• GIVEN ENTRIES
+++

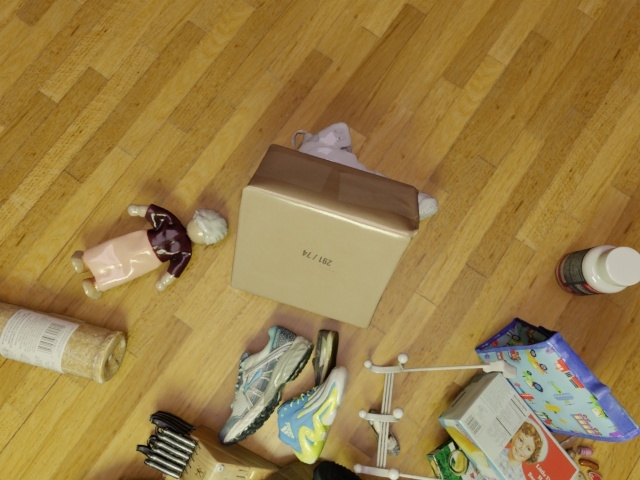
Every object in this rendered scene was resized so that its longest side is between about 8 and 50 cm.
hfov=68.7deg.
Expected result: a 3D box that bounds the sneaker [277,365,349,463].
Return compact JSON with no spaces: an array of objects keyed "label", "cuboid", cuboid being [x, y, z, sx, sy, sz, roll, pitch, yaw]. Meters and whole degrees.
[{"label":"sneaker","cuboid":[-0.028,0.361,1.007,0.126,0.091,0.240,23,102,12]}]

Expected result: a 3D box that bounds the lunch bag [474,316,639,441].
[{"label":"lunch bag","cuboid":[0.475,0.283,0.947,0.138,0.293,0.221,-36,83,-6]}]

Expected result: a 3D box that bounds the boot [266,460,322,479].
[{"label":"boot","cuboid":[-0.081,0.603,0.982,0.262,0.095,0.203,-18,115,-41]}]

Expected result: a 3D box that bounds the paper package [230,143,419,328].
[{"label":"paper package","cuboid":[0.000,0.000,0.976,0.325,0.309,0.168,17,42,0]}]

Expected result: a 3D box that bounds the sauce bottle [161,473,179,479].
[{"label":"sauce bottle","cuboid":[-0.282,0.527,1.025,0.128,0.042,0.042,19,81,0]}]

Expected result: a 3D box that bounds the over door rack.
[{"label":"over door rack","cuboid":[0.213,0.351,0.924,0.325,0.108,0.239,-10,58,35]}]

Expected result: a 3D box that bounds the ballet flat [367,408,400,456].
[{"label":"ballet flat","cuboid":[0.141,0.434,1.047,0.041,0.041,0.114,-31,83,-5]}]

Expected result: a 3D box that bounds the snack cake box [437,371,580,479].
[{"label":"snack cake box","cuboid":[0.400,0.434,1.001,0.152,0.089,0.264,-37,86,-25]}]

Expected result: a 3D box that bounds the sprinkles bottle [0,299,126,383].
[{"label":"sprinkles bottle","cuboid":[-0.621,0.214,1.031,0.356,0.121,0.121,15,81,1]}]

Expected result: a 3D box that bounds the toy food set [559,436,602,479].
[{"label":"toy food set","cuboid":[0.589,0.505,1.051,0.078,0.019,0.122,-31,83,-5]}]

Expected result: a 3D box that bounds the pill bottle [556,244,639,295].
[{"label":"pill bottle","cuboid":[0.619,0.066,1.042,0.108,0.180,0.107,0,81,0]}]

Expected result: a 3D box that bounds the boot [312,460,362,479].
[{"label":"boot","cuboid":[0.032,0.575,0.938,0.247,0.094,0.207,37,105,-17]}]

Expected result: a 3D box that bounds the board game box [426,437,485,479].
[{"label":"board game box","cuboid":[0.332,0.555,1.006,0.136,0.030,0.259,-18,81,-30]}]

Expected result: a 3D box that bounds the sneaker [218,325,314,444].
[{"label":"sneaker","cuboid":[-0.139,0.317,1.044,0.122,0.110,0.283,34,77,20]}]

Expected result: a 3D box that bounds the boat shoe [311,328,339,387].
[{"label":"boat shoe","cuboid":[0.006,0.276,1.068,0.049,0.056,0.152,11,89,27]}]

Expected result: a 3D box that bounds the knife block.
[{"label":"knife block","cuboid":[-0.251,0.468,1.025,0.276,0.242,0.088,34,80,-41]}]

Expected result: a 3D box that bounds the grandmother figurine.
[{"label":"grandmother figurine","cuboid":[-0.383,0.009,1.085,0.343,0.104,0.207,-20,109,-7]}]

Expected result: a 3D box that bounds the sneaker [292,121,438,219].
[{"label":"sneaker","cuboid":[0.094,-0.155,1.091,0.366,0.137,0.210,4,83,3]}]

+++

• WHAT THE EXERCISE ASKS
Copy exactly the lines from the one with "the sneaker [292,121,438,219]." through the last line of the material, keeping both ends.

• ANSWER SECTION
Expected result: a 3D box that bounds the sneaker [292,121,438,219].
[{"label":"sneaker","cuboid":[0.094,-0.155,1.091,0.366,0.137,0.210,4,83,3]}]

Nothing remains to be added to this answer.